Print the full set of records below, character for character and picture-free.

● **The data**
╔══

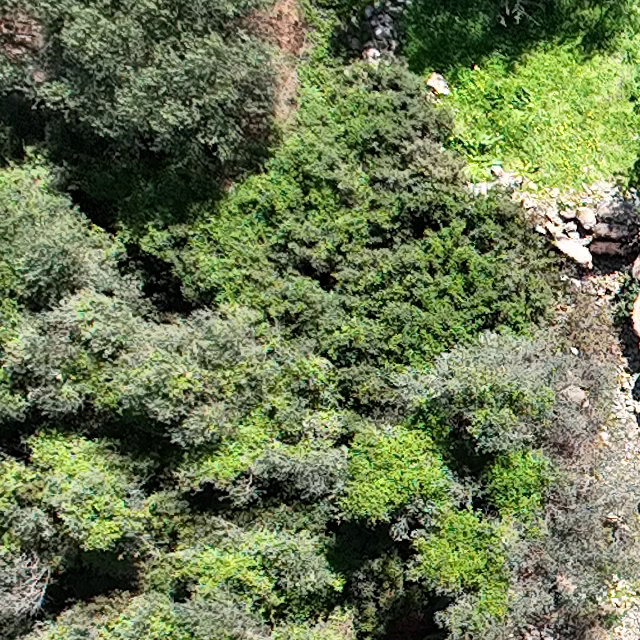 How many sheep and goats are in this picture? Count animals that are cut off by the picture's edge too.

3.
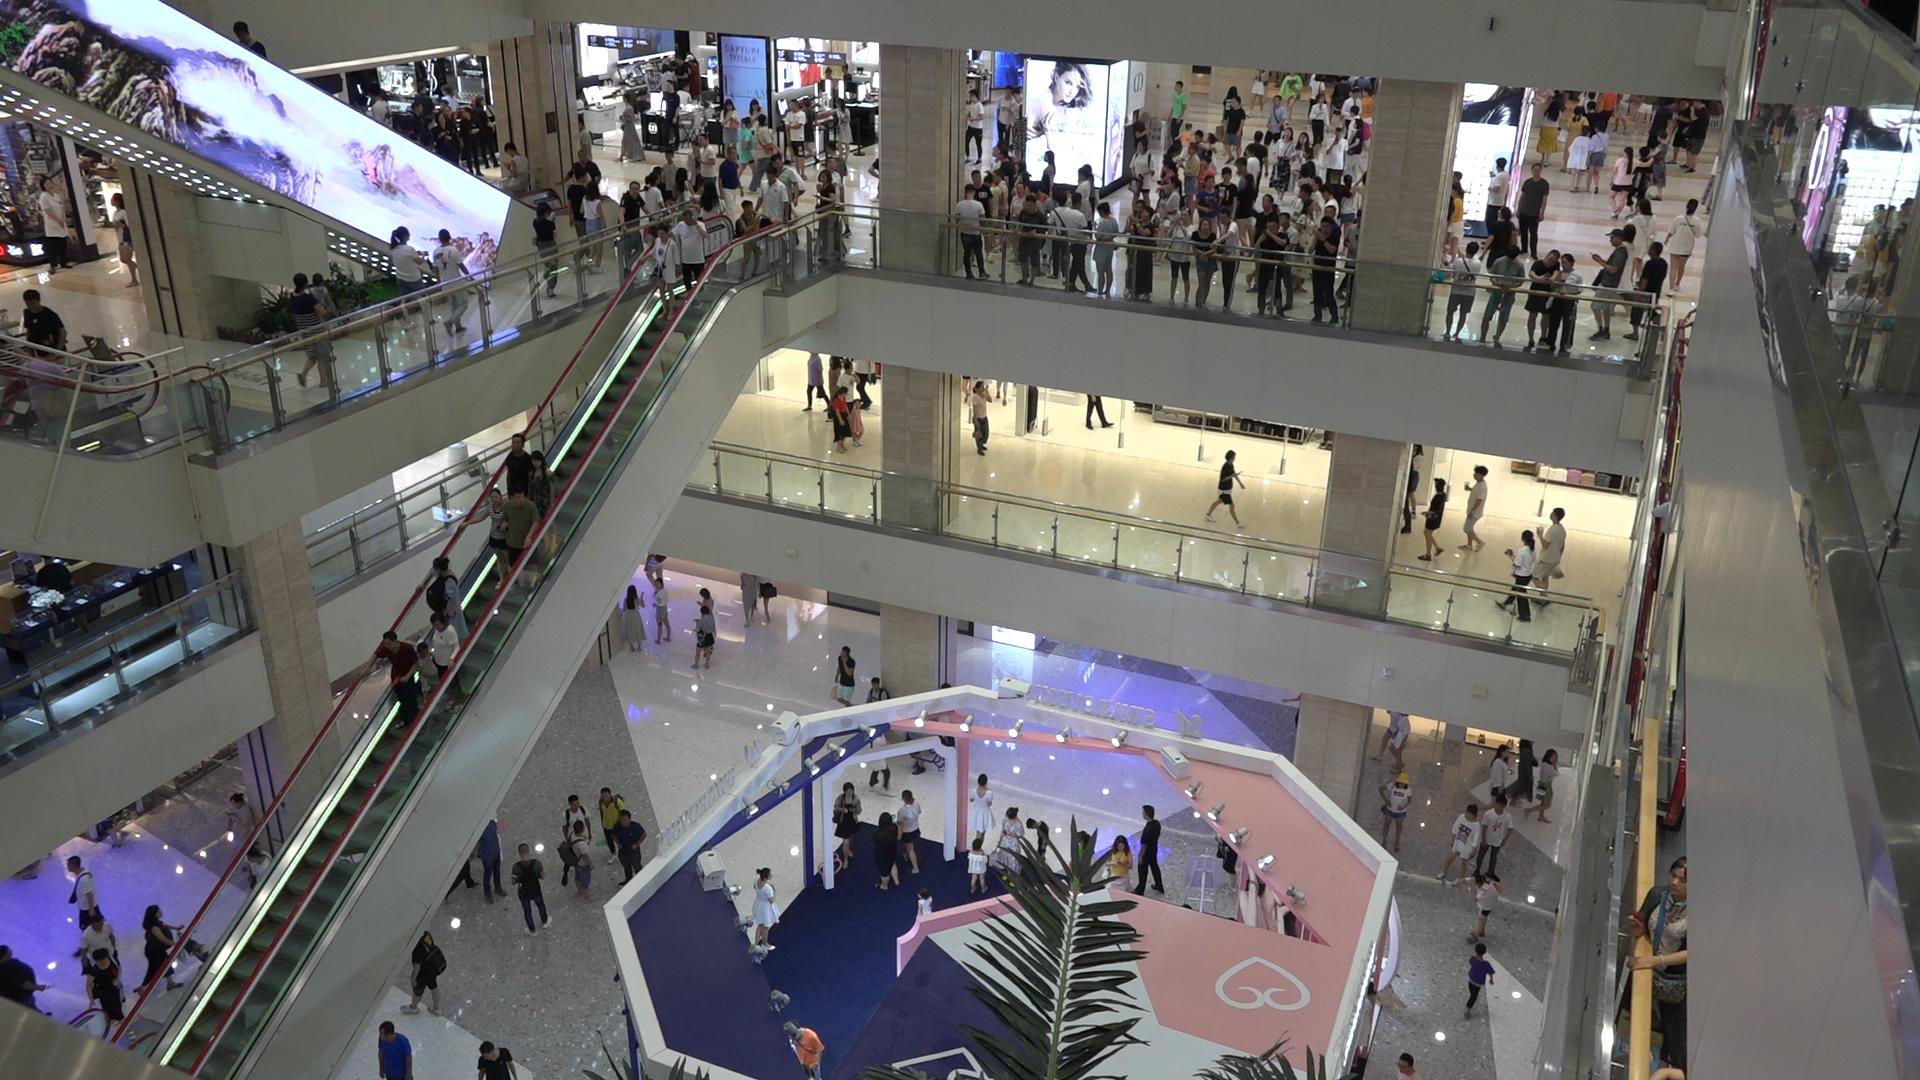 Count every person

226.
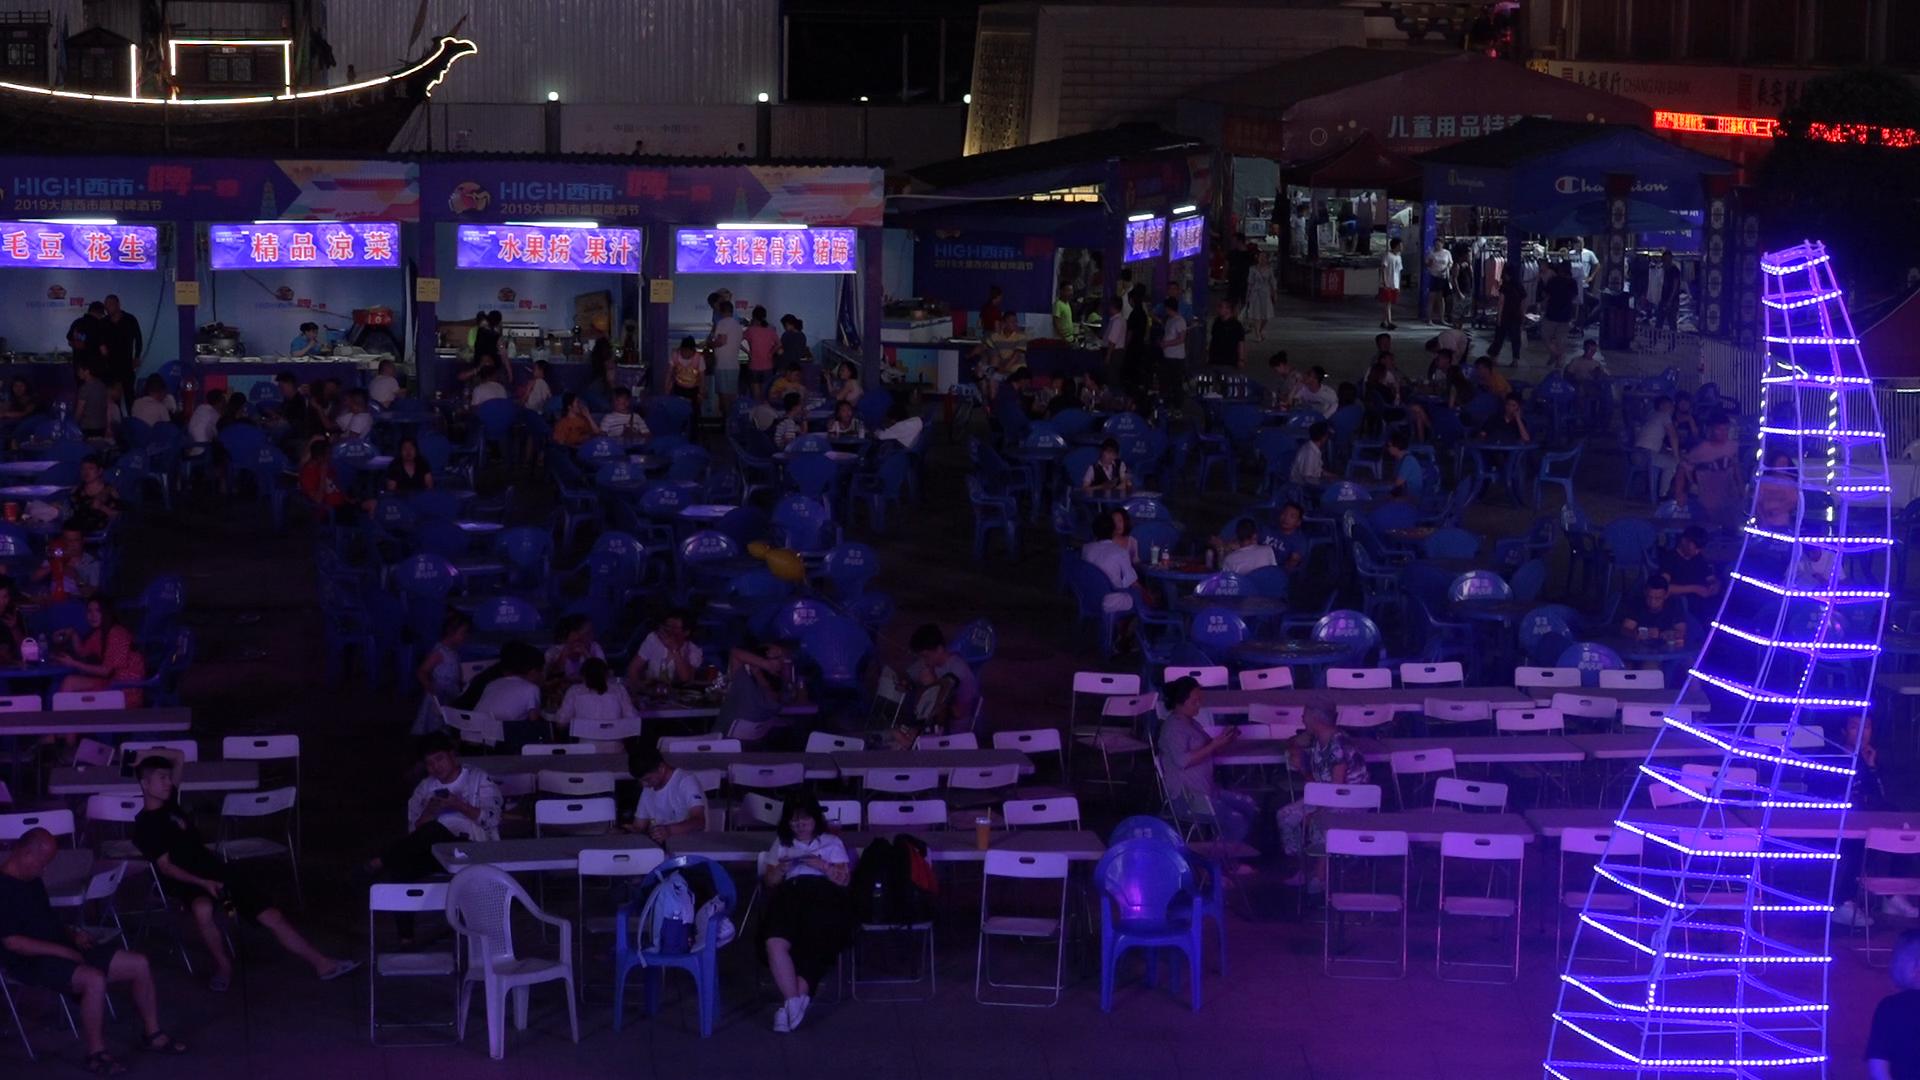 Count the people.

105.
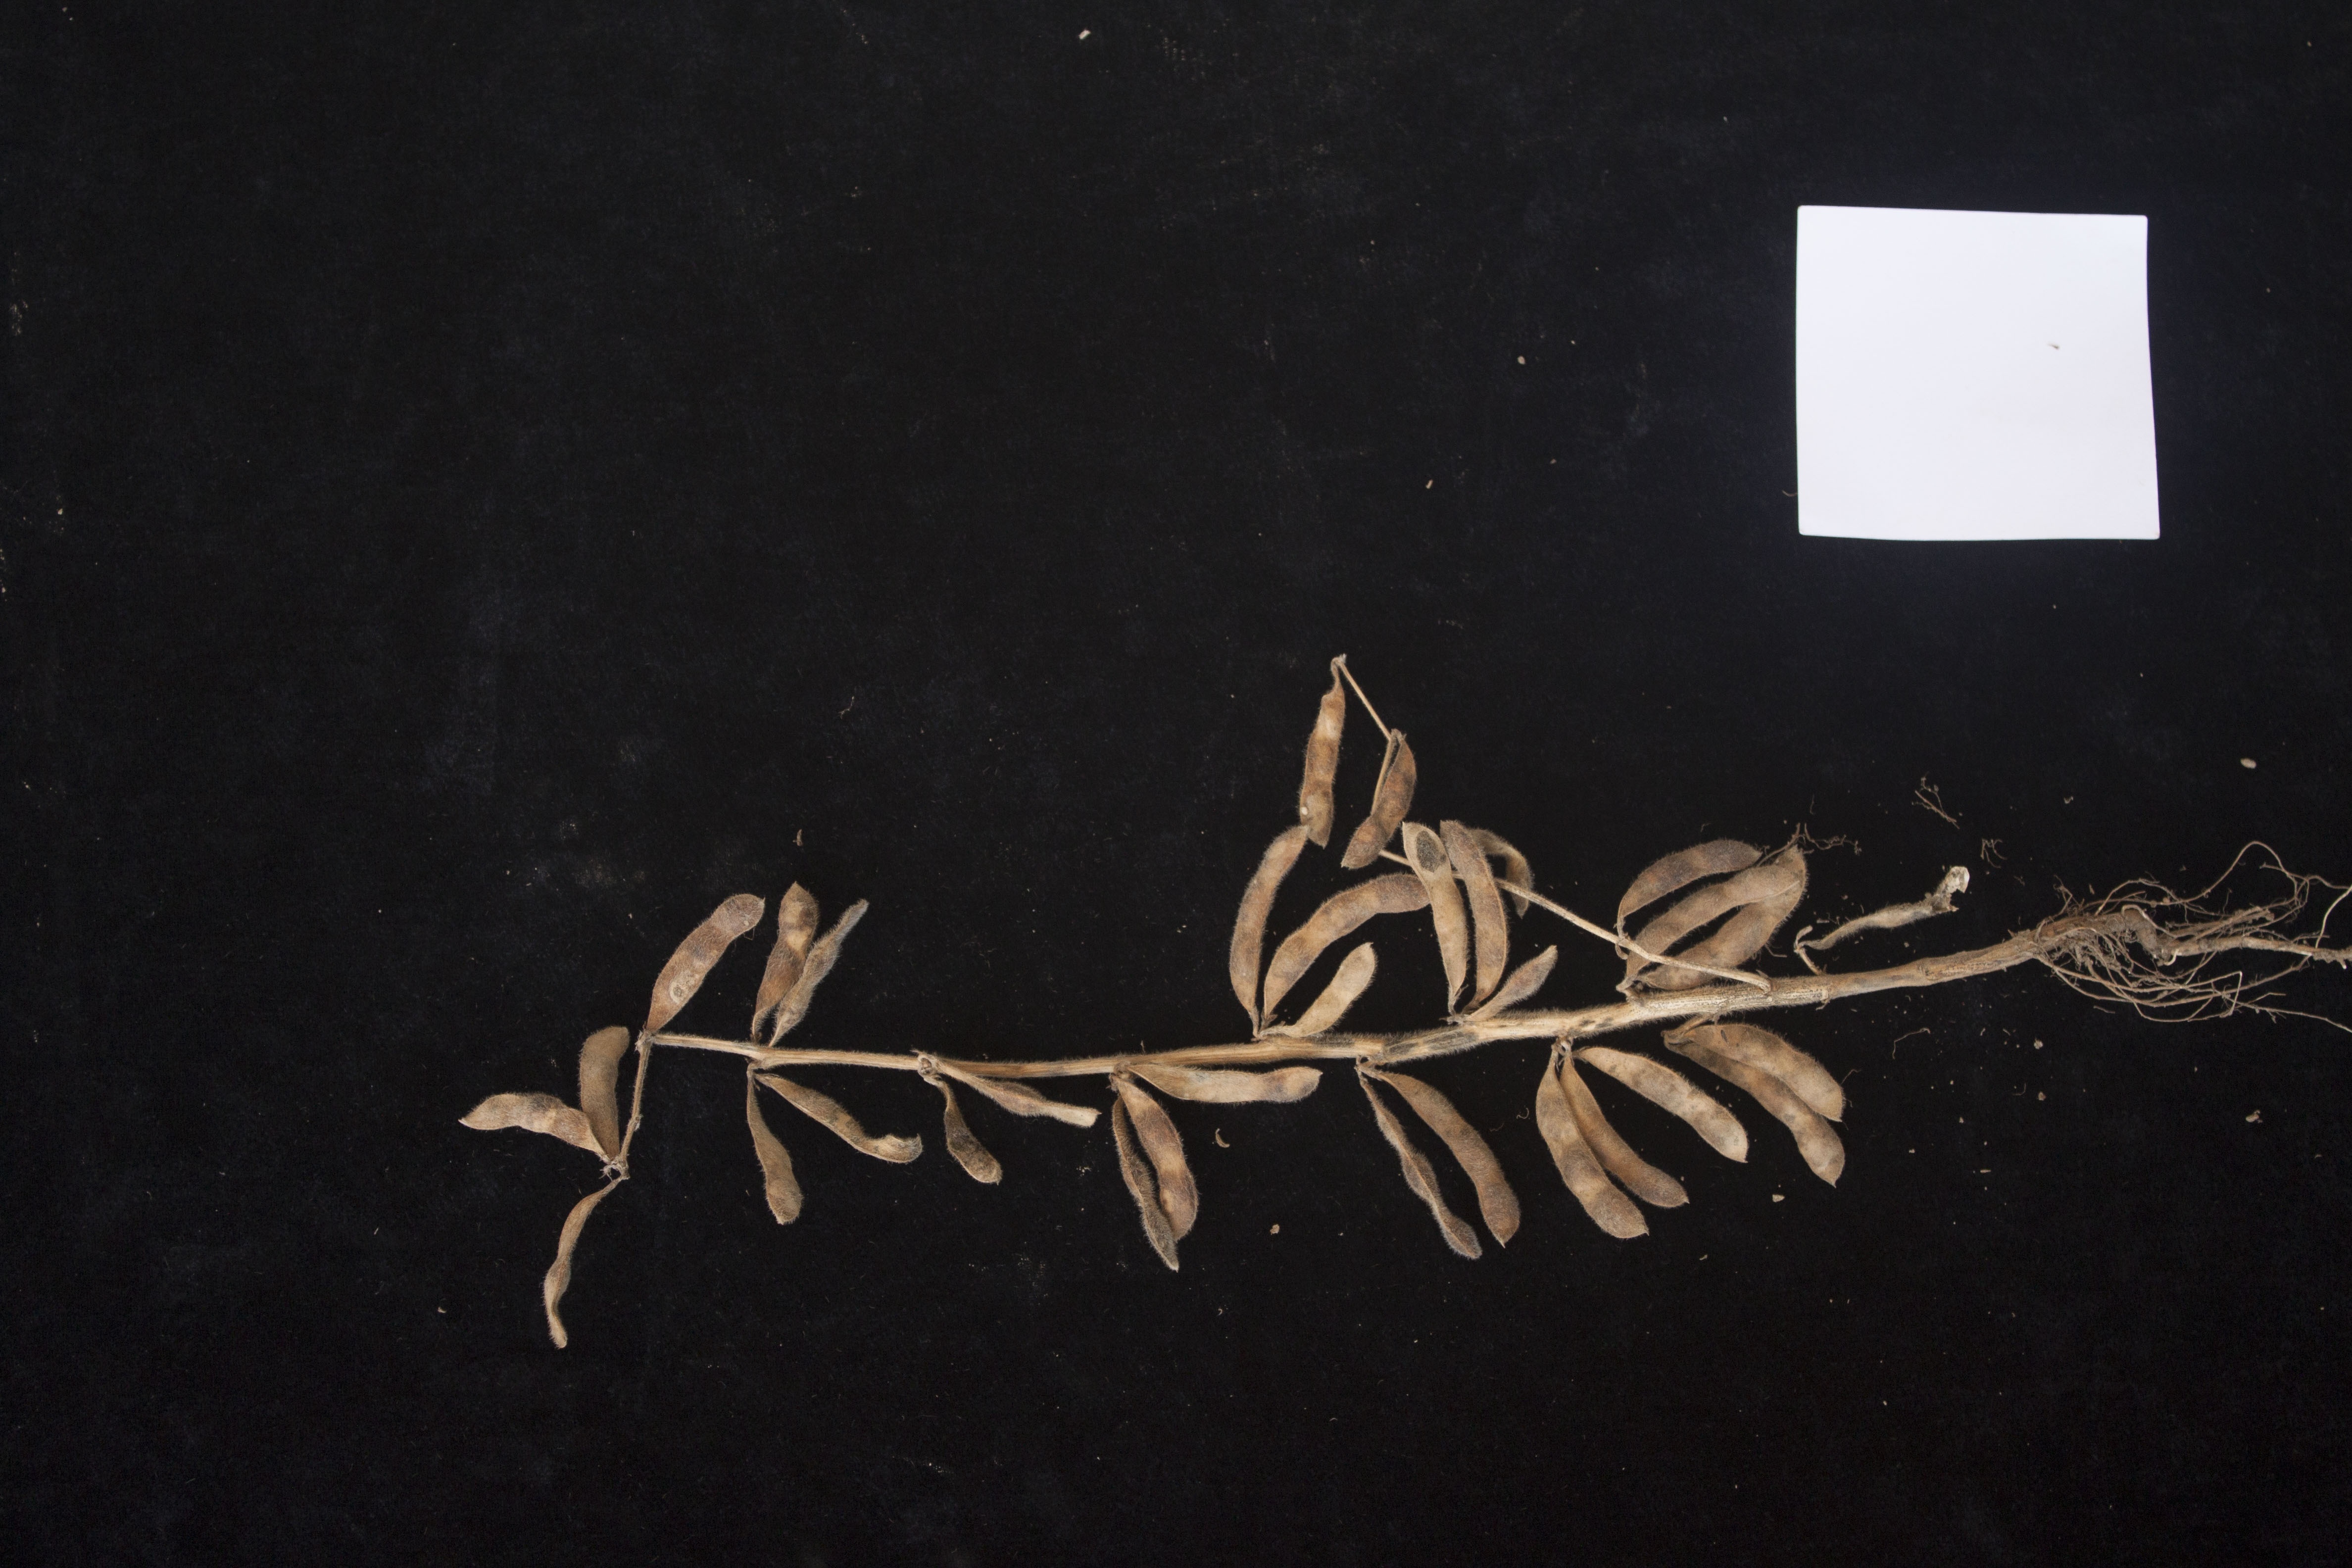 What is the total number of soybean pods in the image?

33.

╚══

● **Solution for this task**
 How many sheep and goats are in this picture? Count animals that are cut off by the picture's edge too.

3.
 Count every person

226.
 Count the people.

105.
 What is the total number of soybean pods in the image?

33.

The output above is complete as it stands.